▶ _TO DO_
Repeat the records exactly as given. Do not include the pictures.

Extracted records
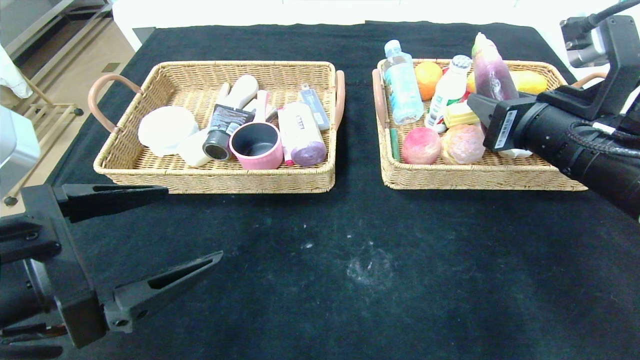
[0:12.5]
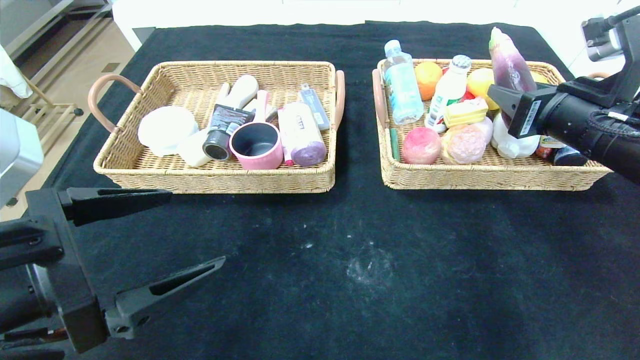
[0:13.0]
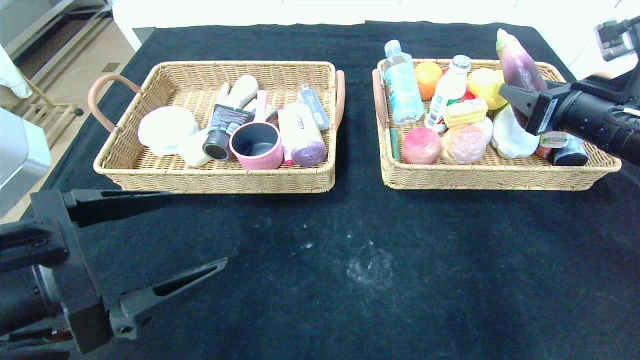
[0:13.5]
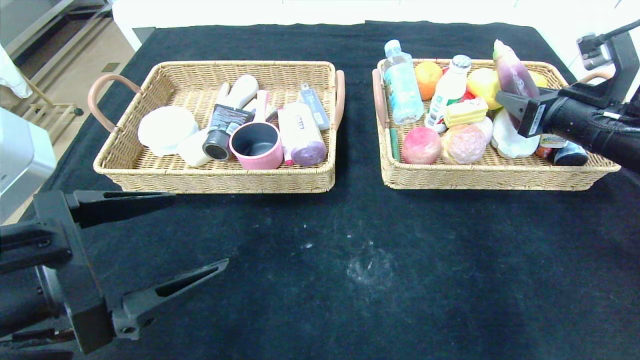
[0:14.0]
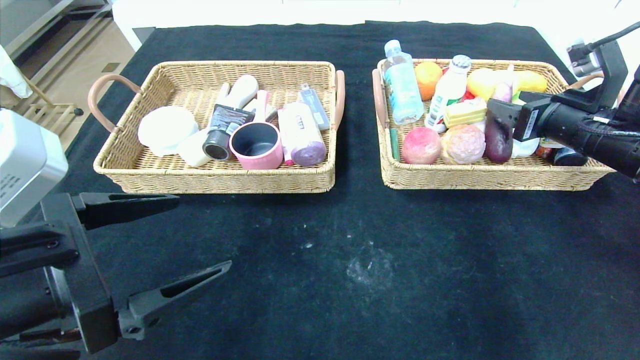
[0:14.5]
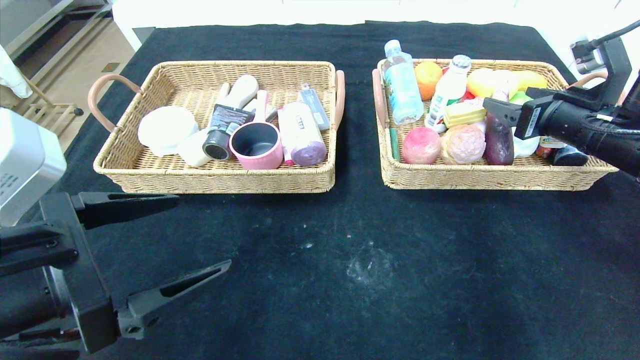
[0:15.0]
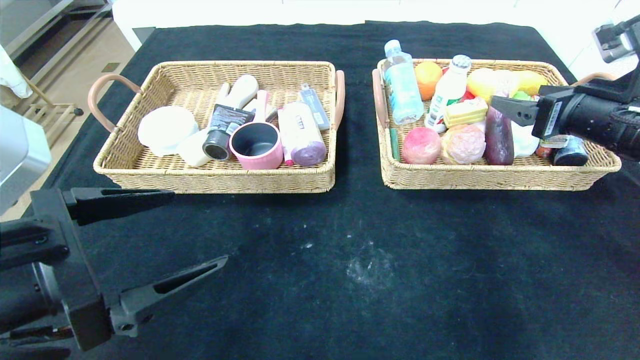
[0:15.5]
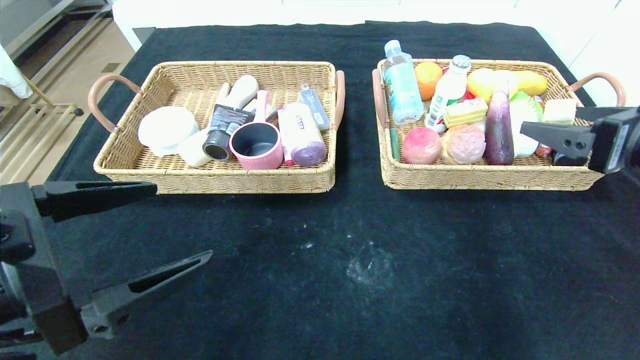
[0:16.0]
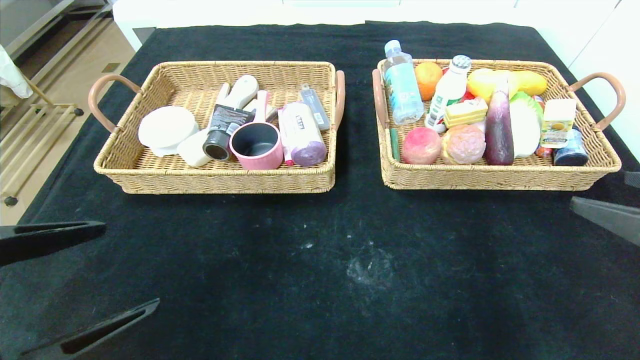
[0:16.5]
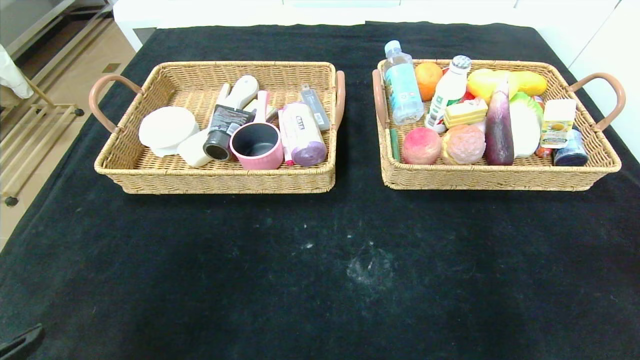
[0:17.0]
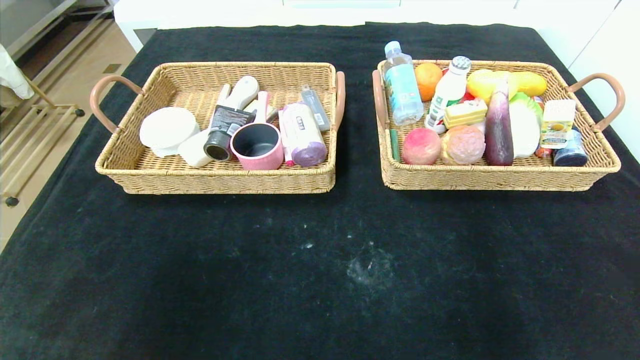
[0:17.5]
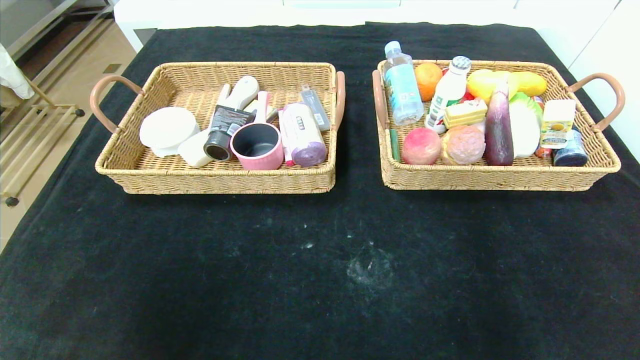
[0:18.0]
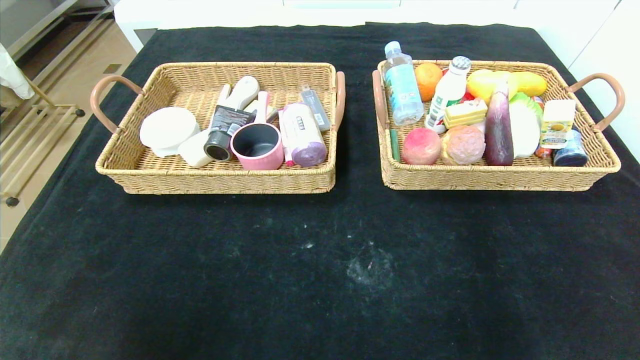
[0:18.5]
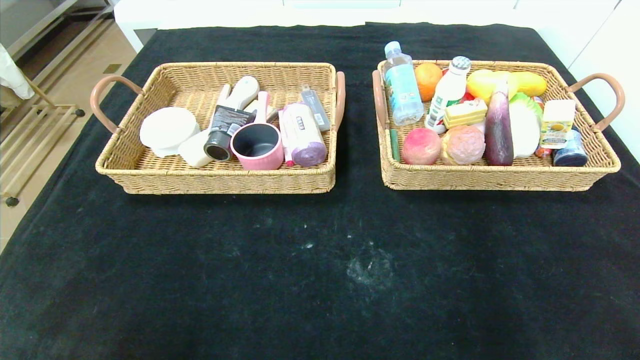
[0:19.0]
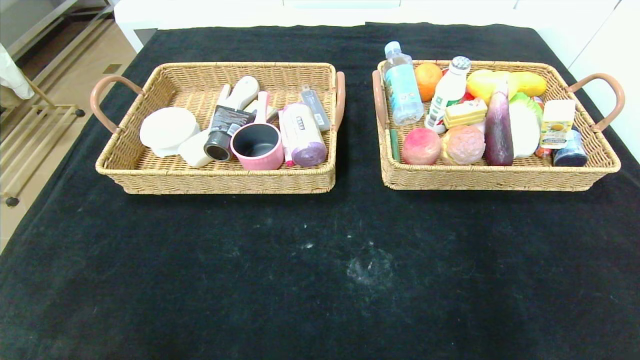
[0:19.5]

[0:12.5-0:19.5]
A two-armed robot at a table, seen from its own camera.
Step, 0:12.5 to 0:16.5: Pick up the eggplant and put it in the right basket.
0:12.5 to 0:14.5: The right gripper travels to the right and forward by about 10 cm.
0:14.5 to 0:16.0: The right gripper moves backward, approximately 15 cm, and opens up.
0:16.0 to 0:17.5: The left gripper goes approximately 15 cm backward and to the left. Meanwhile the right gripper is displaced backward by some 25 cm.

▶ _RESPONSE_
[0:12.5]
[0:13.0]
[0:13.5]
[0:14.0]
[0:14.5]
[0:15.0]
[0:15.5]
[0:16.0]
[0:16.5]
[0:17.0]
[0:17.5]
[0:18.0]
[0:18.5]
[0:19.0]
[0:19.5]

[0:12.5-0:19.5]
A two-armed robot at a table, seen from its own camera.
Step, 0:12.5 to 0:16.5: Pick up the eggplant and put it in the right basket.
0:12.5 to 0:14.5: The right gripper travels to the right and forward by about 10 cm.
0:14.5 to 0:16.0: The right gripper moves backward, approximately 15 cm, and opens up.
0:16.0 to 0:17.5: The left gripper goes approximately 15 cm backward and to the left. Meanwhile the right gripper is displaced backward by some 25 cm.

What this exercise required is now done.